One curiosity at this level and maybe an optimization for the future is that each NavigatorVR will get its own VRController which means that the Browser may in turn communicate data to the same Renderer process multiple times. Normally for this type of architecture we try to keep these channels 1 to 1 and then multi-cast within the process.
Once the service connection is live the rest of the work happens mostly in VRDisplay, which in turn provides device information through some other required platform objects so that we could have a few properties. VRFrameData in the future will replace most of the extra interfaces, some of the enums, etc... Things get simpler in WebVR 1.1 and its a great time to fix this stuff and deprecate older interfaces since we don't have broad adoption and upgrading to the new API is fairly trivial.
GPU
The GPU to Renderer communications are using an old school IPC mechanism specific to to the GLES2 implementation. Any operation we need to request happen in the CPU process needs a new method and a bunch of auto-generated code. There were only 5 such methods during my original documenting step and they mainly related to creating, destroying and submitting frames to the VR specific compositor.
This entire interface, I've heard, may soon be replaced by Mojo and so digging into it doesn't seem like a very good use of time, but if there is enough interest I could share my notes here as well. It is somewhat interesting how the structures are built, copied, etc... Basically an entire GPU command buffer implementation specific to communicating between the Renderer and GPU.
Consequently, any VR implementation will need to implement a compositor. This is how the generic submitFrame call can communicate information to the device specific graphics stack which may take in a texture or be implemented as a swap chain. There are also device specific configurations such as whether or not to enable deformation or asynchronous time warp.
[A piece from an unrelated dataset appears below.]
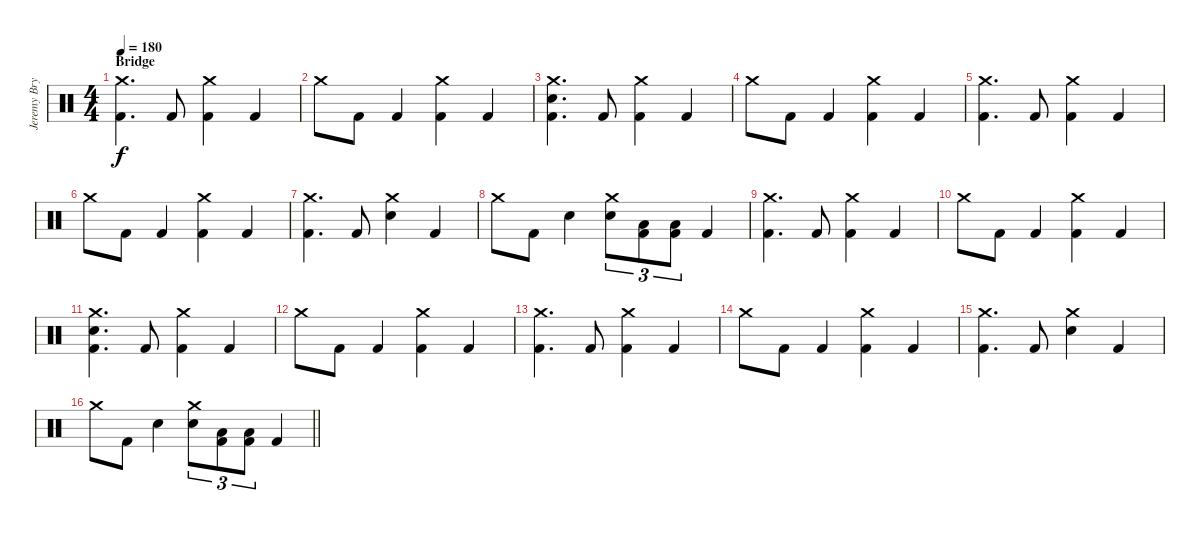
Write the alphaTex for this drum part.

As of this diagram a potential problem is that the device is being accessed from two different processes. First in the Browser where there isn't a sandbox that prevents talking to the various device services. Second in the GPU where we instantiate, potentially, a second instance of the VR run-time to submit the frames. Because of this dual nature, "bad things"(tm) can happen and it is a source of communication and design within Chromium to figure out how to unify all of this into a single location. You could imagine solutions such as allowing compositing in the Browser process since this only implies doing a texture copy or swap. Or perhaps moving the VRService into the GPU process and getting the data from the single VR compositor source. A third option is to move all of this into yet another process which is complicating but great for Chrome's architecture.
Thankfully no matter which approach happens in the end, it most likely won't affect the Renderer code very much. Its an implementation detail rather than something that dramatically affects the shape of the API. It will affect performance and quality of the VR implementation to some extent, but that is always something to be finely tuned for best results.
Future Thoughts
I'll probably reserve any future discussions in this area until the code stabilizes a bit more. There are a lot of cool little changes coming up that I'm interested to see. For instance, the VRDisplay has to carry more data. In fact, to support certain compositors there might be device specific data that has to be sent through. Today, since the VR provider can be talked to from two locations its not possible to efficiently share this data so we'll have to figure out something. Shared memory maybe?
The security model around device access and frame focus will also be cool to talk about once all of that code lands. Currently there are bits and pieces available, but I don't see a fully cohesive picture. Lots of fun here!